+From the LSQ algorithm, we have written a C program that uses only
+integer values. We use a very simple quantization by multiplying
+double precision values by a power of two, keeping the integer
+part. For example, all values stored in lut$_s$, lut$_c$, $\ldots$ are
+scaled by 1,024. Since LSQ also computes average, variance, ... to
+remove the slope, the result of implied Euclidean divisions may be
+relatively wrong. To avoid that, we also scale the pixel intensities
+by a power of two. Furthermore, assuming $nb_s$ is fixed, these
+divisions have a known denominator.

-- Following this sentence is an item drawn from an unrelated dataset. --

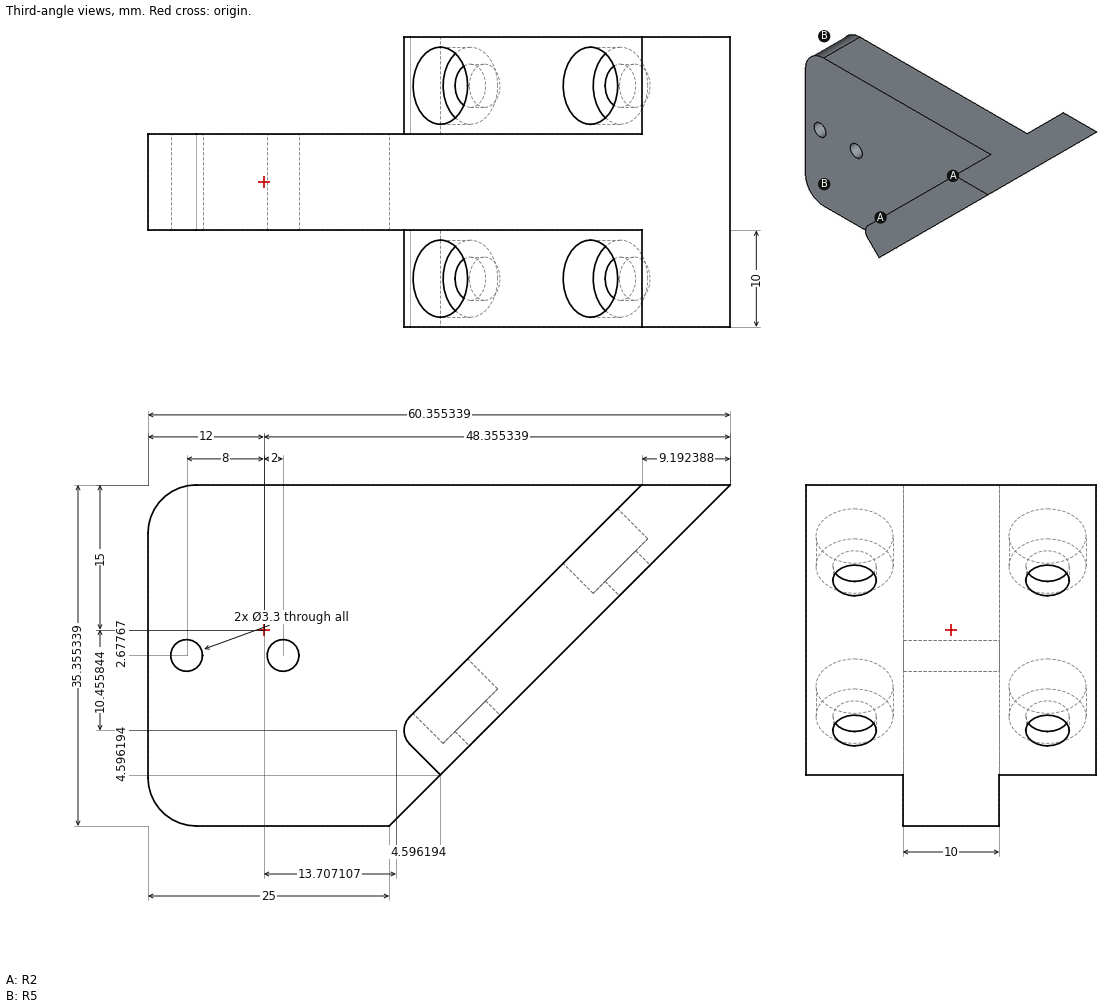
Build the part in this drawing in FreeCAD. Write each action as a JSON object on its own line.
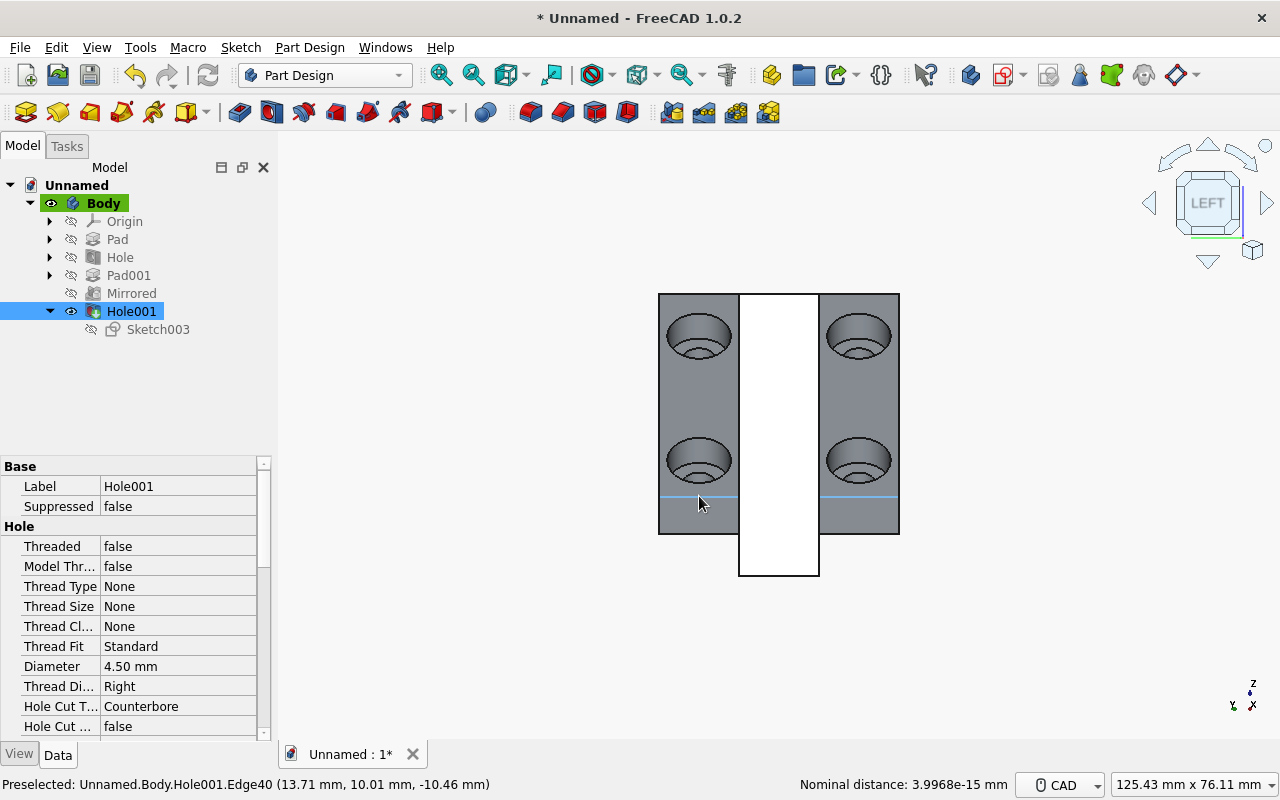
{"action": "left_click", "coordinate": [532, 112]}

Thus, they can be replaced by
+their multiplication/shift counterpart. Finally, all other
+multiplications or divisions by a power of two have been replaced by
+left or right bit shifts. Thus, the code only contains
+additions, subtractions and multiplications of signed integers, which
+are perfectly adapted to FGPAs.
+
+As mentioned above, hardware constraints have a great influence on the VHDL
+implementation. Consequently, we searched the maximum value of each variable as
+a function of the different scale factors and the size of profiles, which gives
+their maximum size in bits. That size determines the maximum scale factors that
+allow to use the least possible RAMs and DSPs. Actually, we implemented our
+algorithm with this maximum size but current works study the impact of
+quantization on the results precision and design complexity. We have compared
+the result of the LSQ version using integers and doubles and observed that the
+precision of both were similar.
+
+Then we built two versions of VHDL codes: one directly by hand coding
+and the other with Matlab using the Simulink HDL coder
+feature~\cite{HDLCoder}. Although the approach is completely different
+we obtained VHDL codes that are quite comparable. Each approach has
+advantages and drawbacks. Roughly speaking, hand coding provides
+beautiful and much better structured code while Simulink enables us to
+produce a code faster. In terms of throughput and latency,
+simulations show that the two approaches are close with a slight
+advantage for hand coding. We hope that real experiments will confirm
+that.
+
+\subsection{Simulation}
+
+Before experimental tests on the board, we simulated our two VHDL
+codes with GHDL and GTKWave (two free tools with linux). For that, we
+built a testbench based on profiles taken from experimentations and
+compared the results to values given by the SPL algorithm. Both
+versions lead to correct results.
+
+Our first codes were highly optimized : the pipeline could compute a
+new phase each 33 cycles and its latency was equal to 95 cycles. Since
+the Spartan6 is clocked at 100MHz, it implies that estimating the
+deflection of 100 cantilevers would take about $(95 + 200\times 33).10
+= 66.95\mu$s, i.e. nearly 15,000 estimations by second.
+
+\subsection{Bitstream creation}
+
+In order to test our code on the SP Vision board, the design was
+extended with a component that keeps profiles in RAM, flushes them in
+the phase computation component and stores its output in another
+RAM. We also added a wishbone : a component that can "drive" signals
+to communicate between i.MX and other components. It is mainly used
+to start to flush profiles and to retrieve the computed phases in RAM.
+
+Unfortunately, the first designs could not be placed and route with ISE on the
+Spartan6 with a 100MHz clock. The main problems came from routing values from
+RAMs to DSPs and obtaining a result under 10ns. So, we needed to decompose some
+parts of the pipeline, which adds some cycles. For example, some delays have
+been introduced between RAMs output and DSPs. Finally, we obtained a bitstream
+that has a latency of 112 cycles and computes a new phase every 40 cycles. For
+100 cantilevers, it takes $(112 + 200\times 40).10 = 81.12\mu$s to compute their
+deflection.
+
+This bitstream has been successfully tested on the board.